And we also have this paper by Lawrence Katz and Bruce Meyer, “The Impact of the Potential Duration of Unemployment Benefits on the Duration of Unemployment” from the Journal of Public Economics. It has not abstract that is easily copied over, but the conclusions are largley the same, a one week increase in unemployment benefits would raise unemployment duration by 0.16 to 0.2 weeks with the rate of escape from unemployment rising as the end of unemployment benefits approaches.
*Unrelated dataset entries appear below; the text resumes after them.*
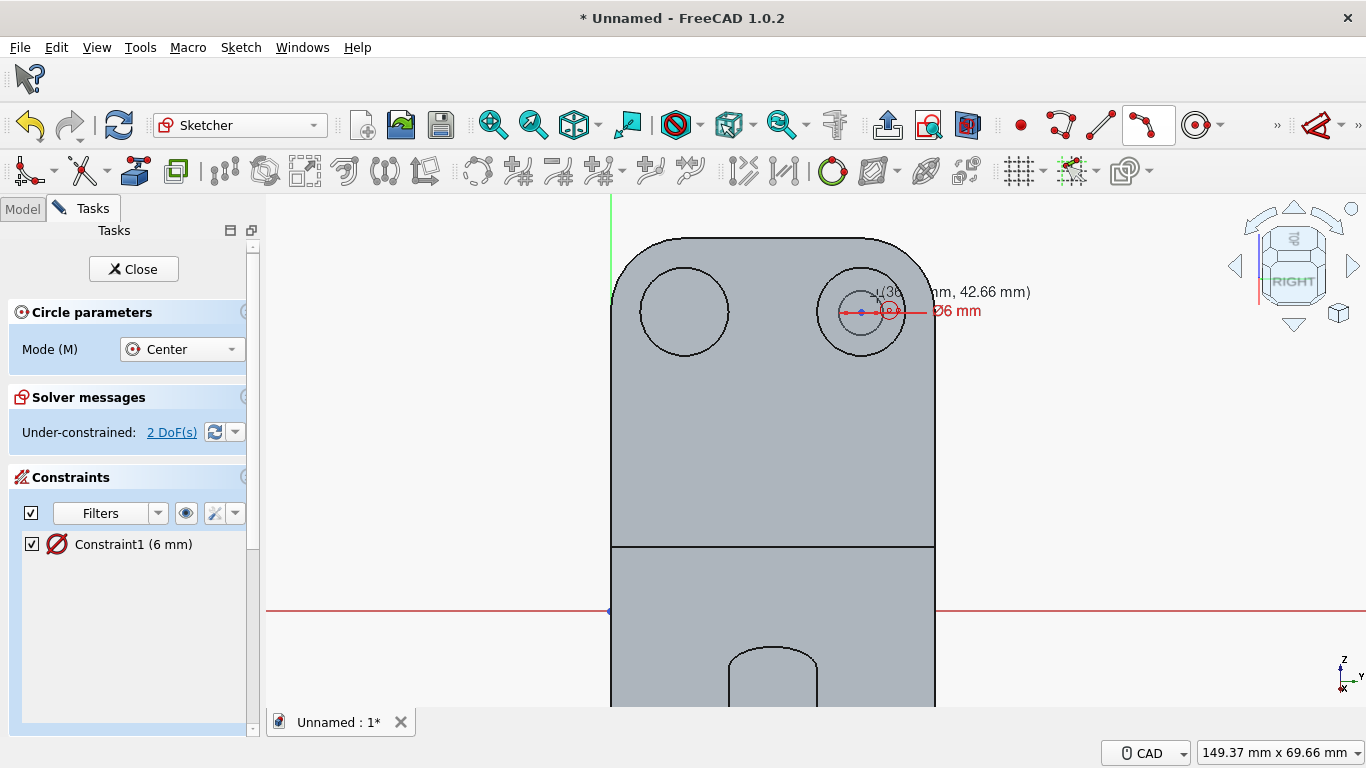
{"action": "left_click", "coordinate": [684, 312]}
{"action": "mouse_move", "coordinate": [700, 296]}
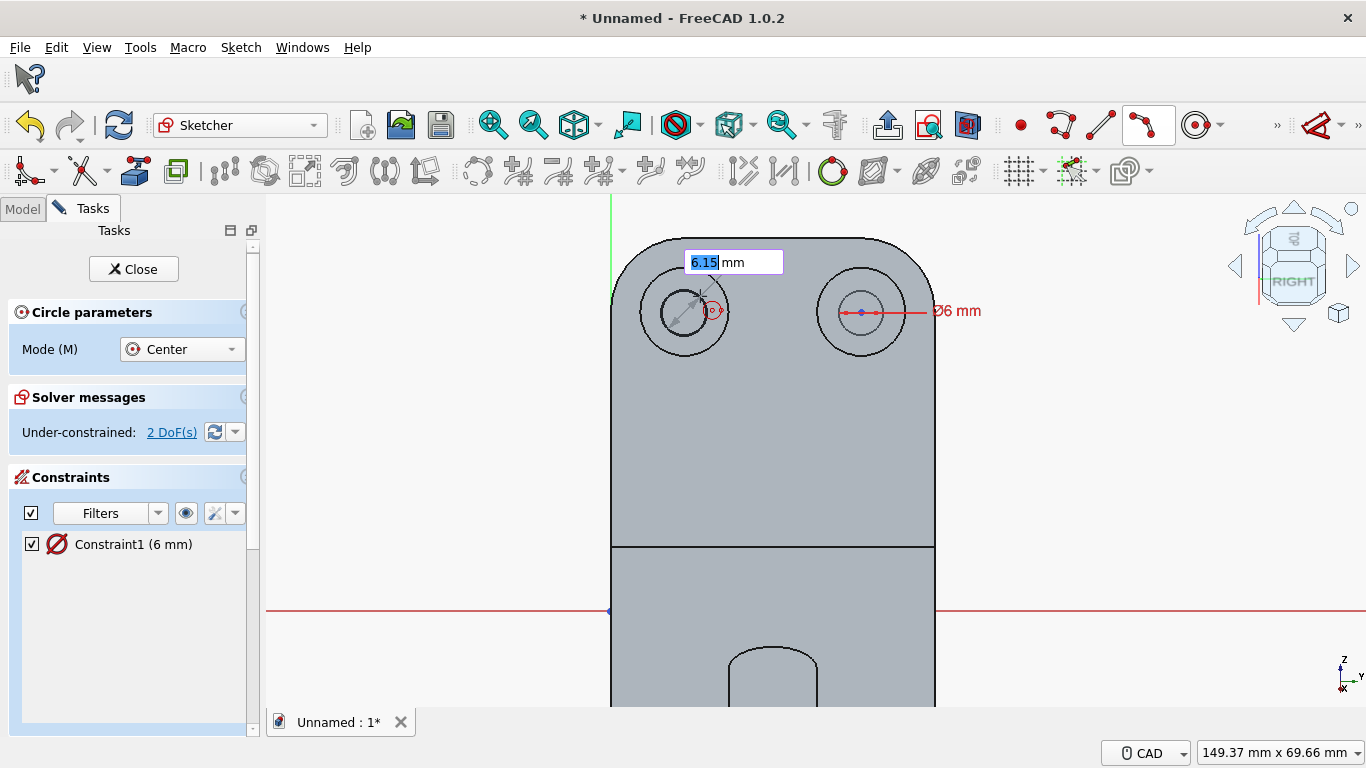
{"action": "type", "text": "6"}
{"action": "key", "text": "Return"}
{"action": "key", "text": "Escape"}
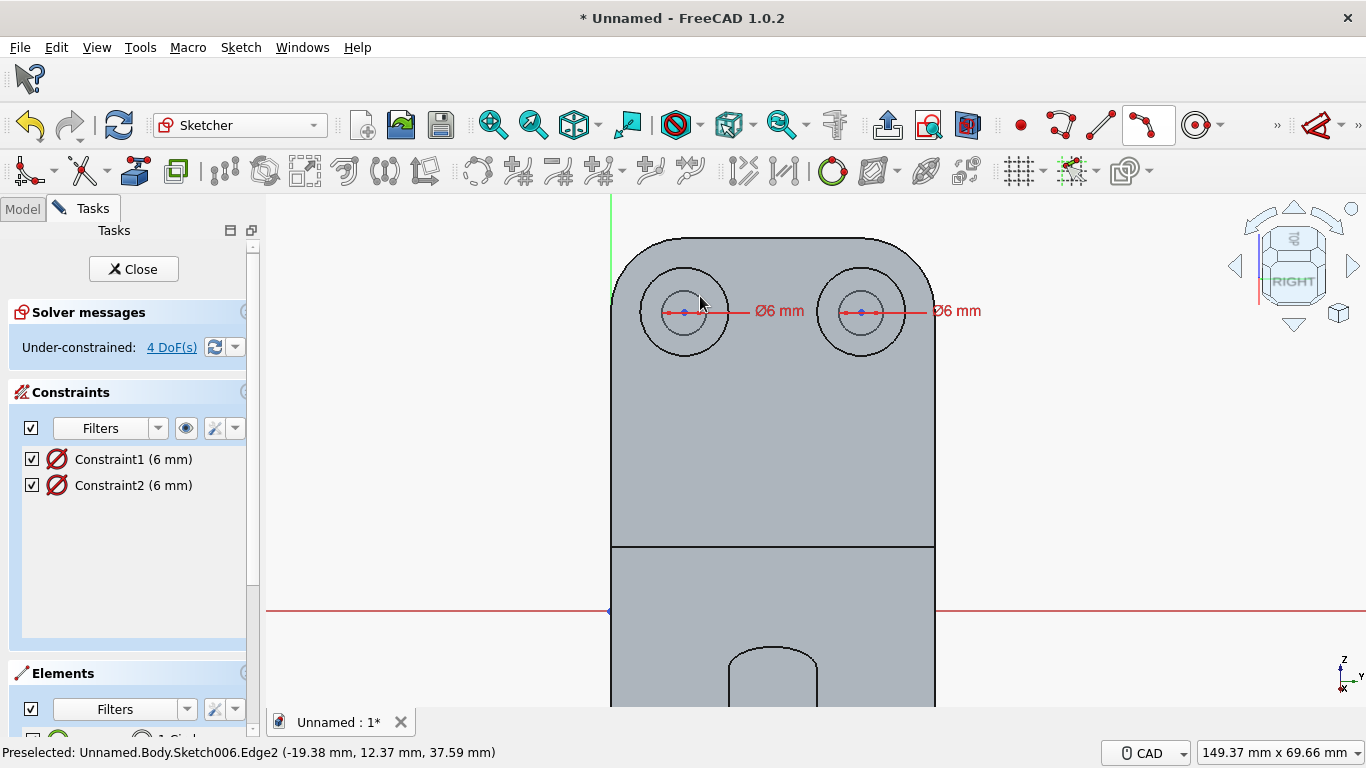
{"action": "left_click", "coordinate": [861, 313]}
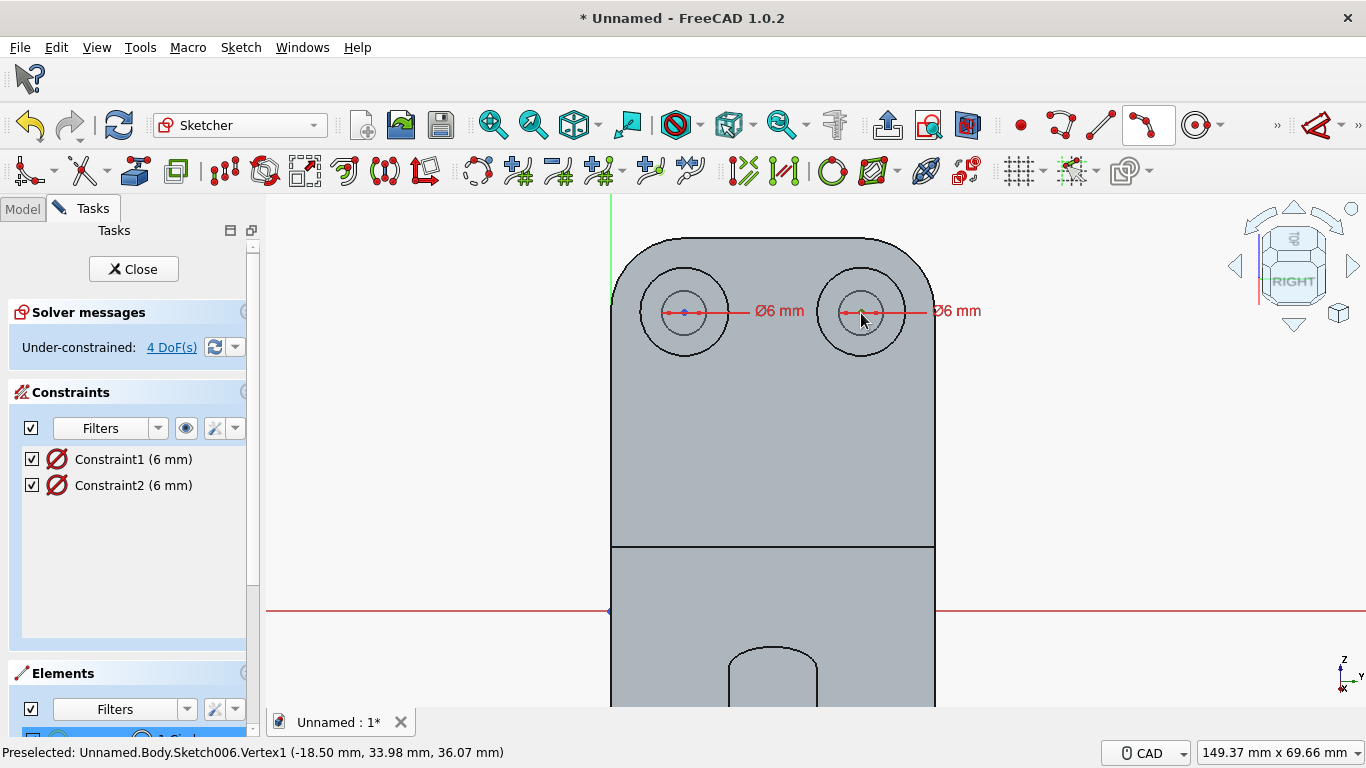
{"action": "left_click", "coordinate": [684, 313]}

Then there is this paper, “Disincentive Effects Of Unemployment Insurance Benefits: Maximum Benefit Duration Versus Benefit Level“,

This paper uses a unique dataset about unemployment insurance recipients and their exits to employment in Estonia to investigate the effects of benefits on unemployment duration. The administrative data used clearly pinpoints total unemployment spells and exits to employment. Both nonparametric and parametric estimations show that unemployment benefits have a strong and significant disincentive effect on hazard rates to exit into employment, just as search theory predicts. The effects of benefits are stronger and more homogeneous when the maximum duration of unemployment insurance benefit is longer. Unemployed people eligible for shorter unemployment insurance benefits are influenced more by the size of benefits and changes in the benefit replacement rate. Also, for both groups there is a rise in hazard rates during the benefit period and a sharp drop straight after.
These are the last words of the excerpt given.